# TRY IT
From the records below, take each line where the string "color" shows up and copy it.

(Records contained in a dataset)
-- Opening Marker --
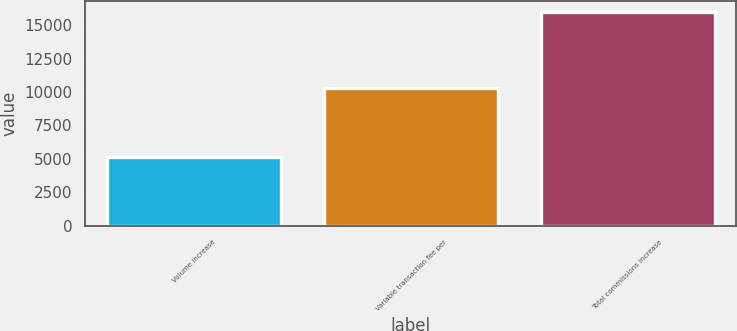<chart> <loc_0><loc_0><loc_500><loc_500><bar_chart><fcel>Volume increase<fcel>Variable transaction fee per<fcel>Total commissions increase<nl><fcel>5134<fcel>10332<fcel>16010<nl></chart> 
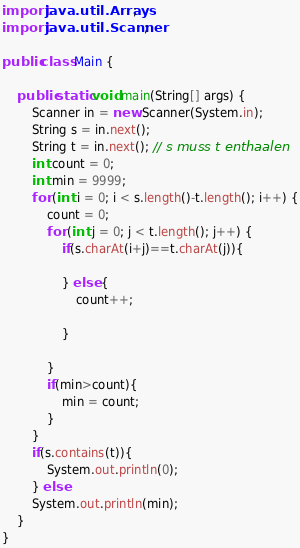<code> <loc_0><loc_0><loc_500><loc_500><_Java_>
import java.util.Arrays;
import java.util.Scanner;

public class Main {

    public static void main(String[] args) {
        Scanner in = new Scanner(System.in);
        String s = in.next();
        String t = in.next(); // s muss t enthaalen
        int count = 0;
        int min = 9999;
        for (int i = 0; i < s.length()-t.length(); i++) {
            count = 0;
            for (int j = 0; j < t.length(); j++) {
                if(s.charAt(i+j)==t.charAt(j)){
                    
                } else {
                    count++;
                    
                }
   
            }
            if(min>count){
                min = count;
            }
        }
        if(s.contains(t)){
            System.out.println(0);
        } else
        System.out.println(min);
    }
}
</code> 
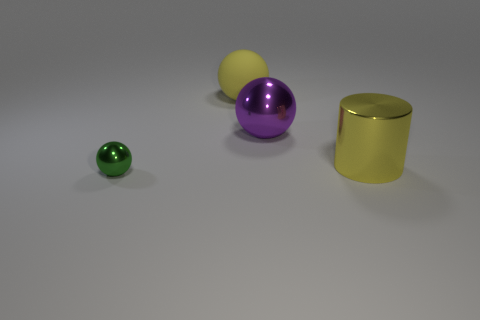Are there any other things that are the same size as the green metal object?
Ensure brevity in your answer.  No. Is there any other thing that has the same material as the large yellow sphere?
Make the answer very short. No. The green sphere that is made of the same material as the big purple object is what size?
Offer a very short reply. Small. What size is the metallic object left of the large purple thing?
Your response must be concise. Small. There is a sphere that is the same color as the large cylinder; what size is it?
Your answer should be very brief. Large. Do the purple ball and the yellow sphere have the same material?
Your response must be concise. No. There is a metal cylinder; is its color the same as the big sphere left of the purple shiny object?
Your answer should be compact. Yes. How many spheres are green metallic objects or gray things?
Keep it short and to the point. 1. Are there any other things of the same color as the small metal object?
Ensure brevity in your answer.  No. There is a yellow thing left of the shiny thing to the right of the big purple object; what is it made of?
Your response must be concise. Rubber. 
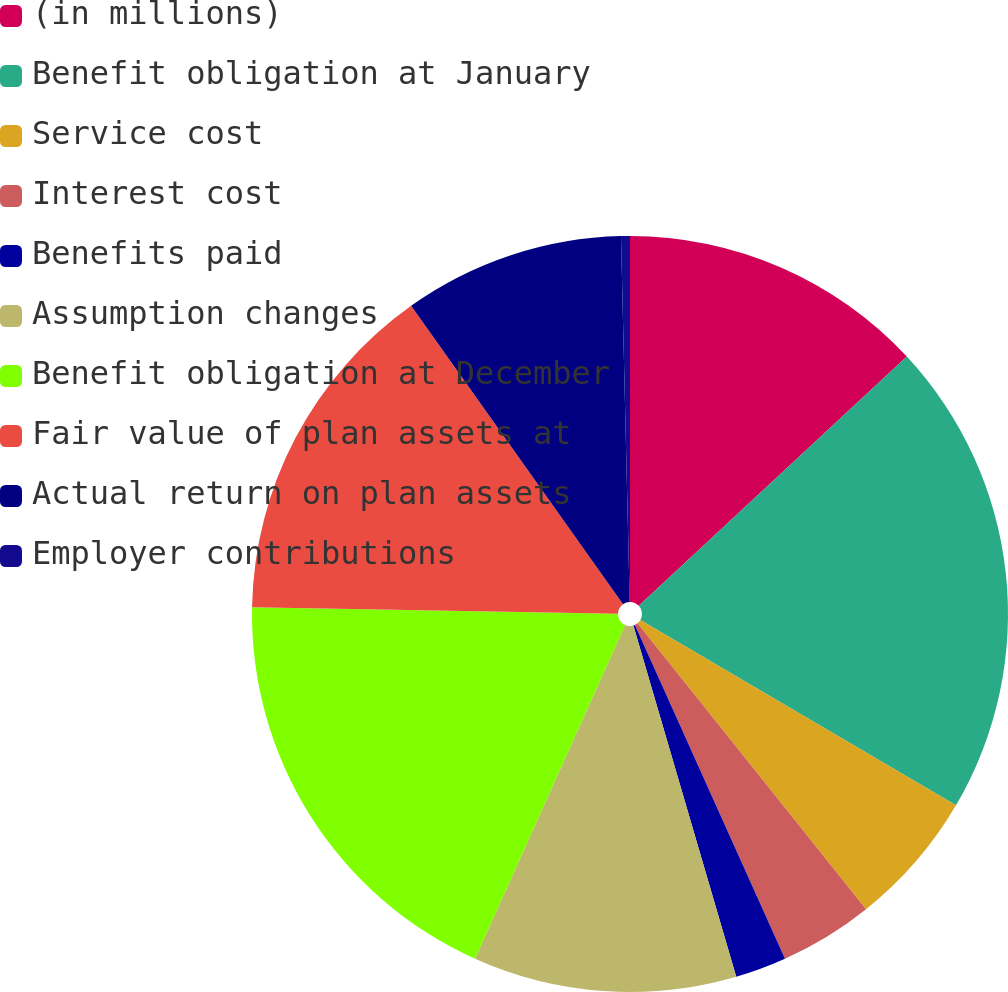Convert chart. <chart><loc_0><loc_0><loc_500><loc_500><pie_chart><fcel>(in millions)<fcel>Benefit obligation at January<fcel>Service cost<fcel>Interest cost<fcel>Benefits paid<fcel>Assumption changes<fcel>Benefit obligation at December<fcel>Fair value of plan assets at<fcel>Actual return on plan assets<fcel>Employer contributions<nl><fcel>13.08%<fcel>20.37%<fcel>5.82%<fcel>4.01%<fcel>2.19%<fcel>11.26%<fcel>18.56%<fcel>14.89%<fcel>9.45%<fcel>0.38%<nl></chart> 
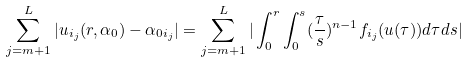<formula> <loc_0><loc_0><loc_500><loc_500>\sum _ { j = m + 1 } ^ { L } | u _ { i _ { j } } ( r , \alpha _ { 0 } ) - \alpha _ { 0 i _ { j } } | & = \sum _ { j = m + 1 } ^ { L } | \int _ { 0 } ^ { r } \int _ { 0 } ^ { s } ( \frac { \tau } { s } ) ^ { n - 1 } f _ { i _ { j } } ( u ( \tau ) ) d \tau d s | \\</formula> 
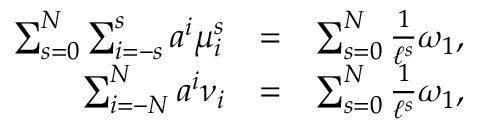<formula> <loc_0><loc_0><loc_500><loc_500>\begin{array} { r l r } { \sum _ { s = 0 } ^ { N } \sum _ { i = - s } ^ { s } a ^ { i } \mu _ { i } ^ { s } } & { = } & { \sum _ { s = 0 } ^ { N } \frac { 1 } { \ell ^ { s } } \omega _ { 1 } , } \\ { \sum _ { i = - N } ^ { N } a ^ { i } \nu _ { i } } & { = } & { \sum _ { s = 0 } ^ { N } \frac { 1 } { \ell ^ { s } } \omega _ { 1 } , } \end{array}</formula>
-- Closing Marker --
# PROBLEM SOLUTION
Your response must be concise. Small. There is a sphere that is the same color as the large cylinder; what size is it?
Your response must be concise. No. There is a metal cylinder; is its color the same as the big sphere left of the purple shiny object?
Keep it short and to the point. 1. Are there any other things of the same color as the small metal object?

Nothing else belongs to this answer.